> [Required work] At the line containing "Answer: 5 Which", begin retyping, and stop after the last line of the data; add nothing.

━━ Records shown

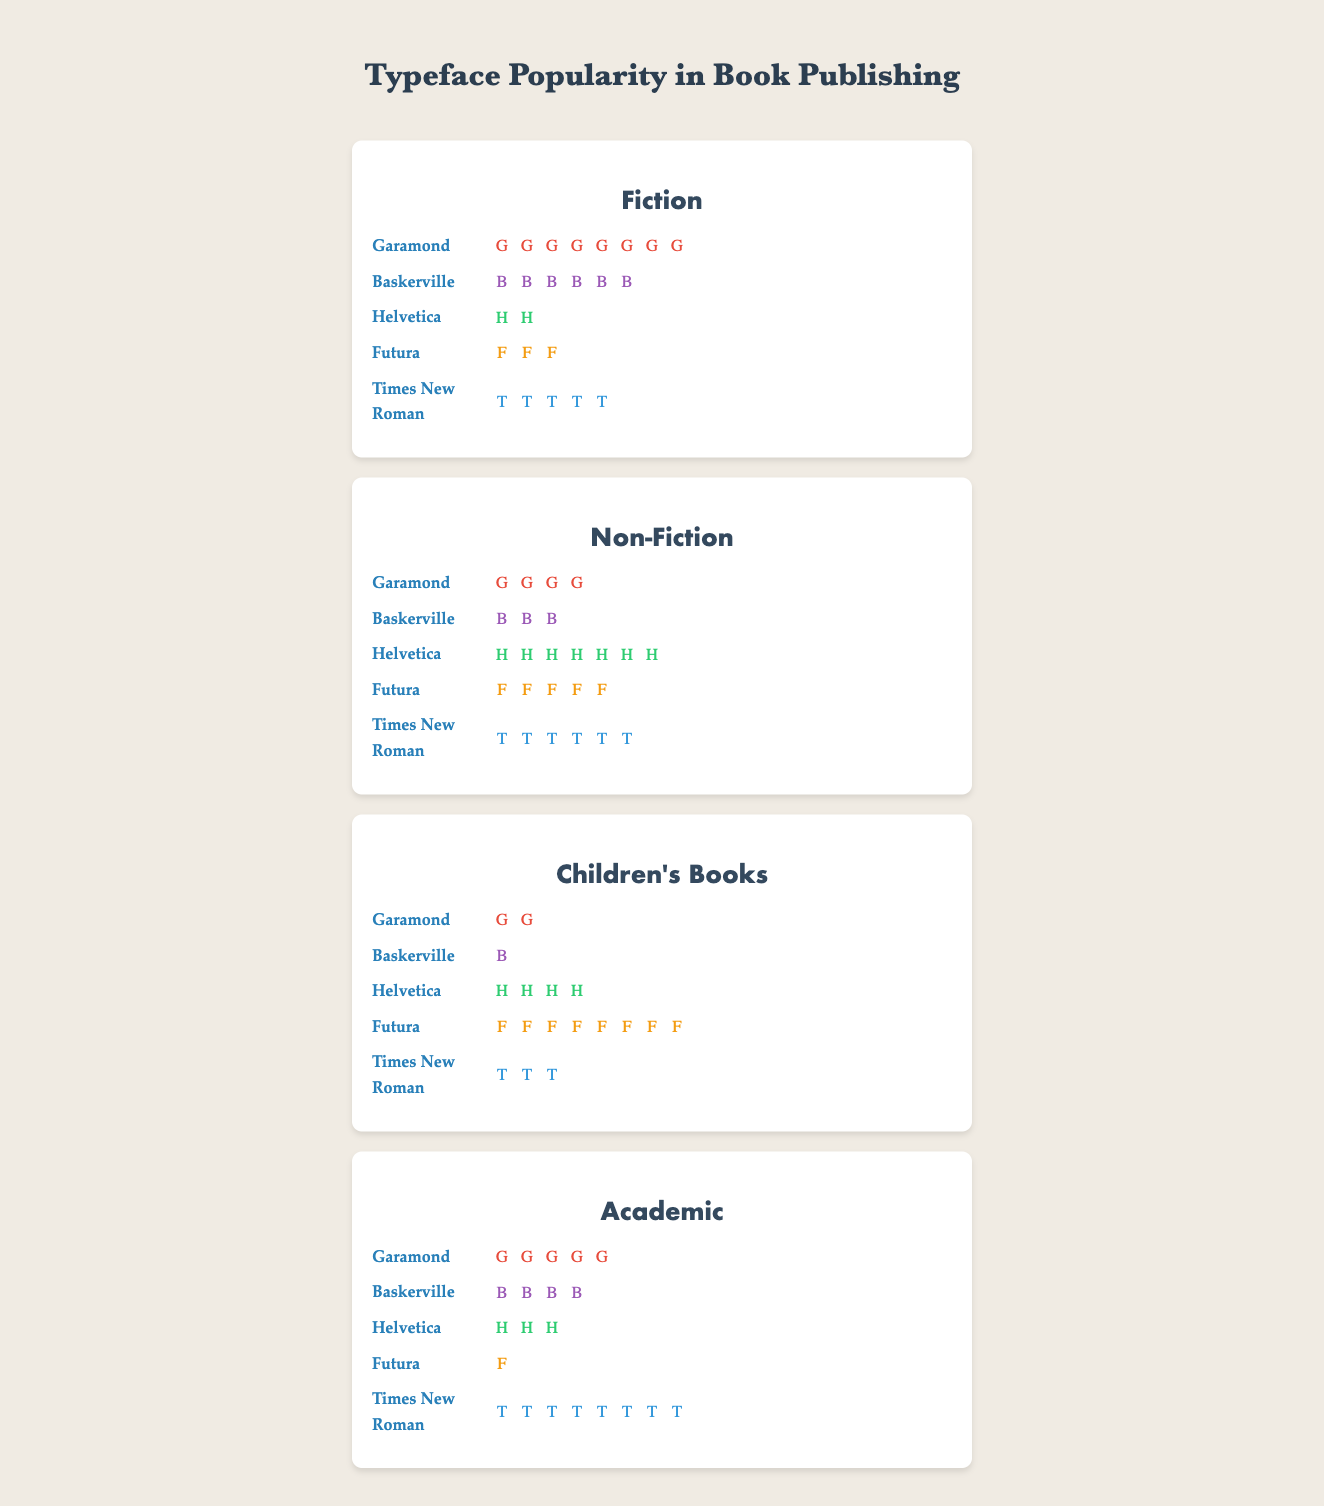What's the most popular typeface used in Fiction books? By looking at the figure, count the number of icons for each typeface in the Fiction section. Garamond has the most icons (8), making it the most popular.
Answer: Garamond Which genre uses Times New Roman the most? Compare the number of Times New Roman icons across all genres. The Academic genre has the most icons (8) for Times New Roman.
Answer: Academic How many total icons are used to represent Helvetica across all genres? Sum the number of Helvetica icons: Fiction (2) + Non-Fiction (7) + Children's Books (4) + Academic (3). The total is 2 + 7 + 4 + 3 = 16.
Answer: 16 Which typeface is used the least in Children's Books? In the Children's Books section, count the icons for each typeface. Baskerville has the least with only 1 icon.
Answer: Baskerville Between Garamond and Futura, which one is more popular in Non-Fiction? Count the number of icons for Garamond (4) and Futura (5) in the Non-Fiction section. Futura has more icons.
Answer: Futura What's the total number of icons used to represent all typefaces in the Academic genre? Sum the number of icons for all typefaces in the Academic genre: Garamond (5) + Baskerville (4) + Helvetica (3) + Futura (1) + Times New Roman (8). The total is 5 + 4 + 3 + 1 + 8 = 21.
Answer: 21 In which genre does Baskerville have the second highest number of icons? Look at the number of Baskerville icons in each genre: Fiction (6), Non-Fiction (3), Children's Books (1), Academic (4). The second highest number is in the Academic genre with 4 icons.
Answer: Academic How many more icons does Futura have in Children's Books compared to Fiction? In the Fiction section, Futura has 3 icons. In Children's Books, Futura has 8 icons. The difference is 8 - 3 = 5.
Answer: 5 Which typeface has the same number of icons in both Fiction and Non-Fiction genres? Compare the number of icons for each typeface between the Fiction and Non-Fiction sections: Garamond (8, 4), Baskerville (6, 3), Helvetica (2, 7), Futura (3, 5), Times New Roman (5, 6). None have the same number of icons.
Answer: None

━━━━

> [Your solution]
Answer: 5 Which typeface has the same number of icons in both Fiction and Non-Fiction genres? Compare the number of icons for each typeface between the Fiction and Non-Fiction sections: Garamond (8, 4), Baskerville (6, 3), Helvetica (2, 7), Futura (3, 5), Times New Roman (5, 6). None have the same number of icons.
Answer: None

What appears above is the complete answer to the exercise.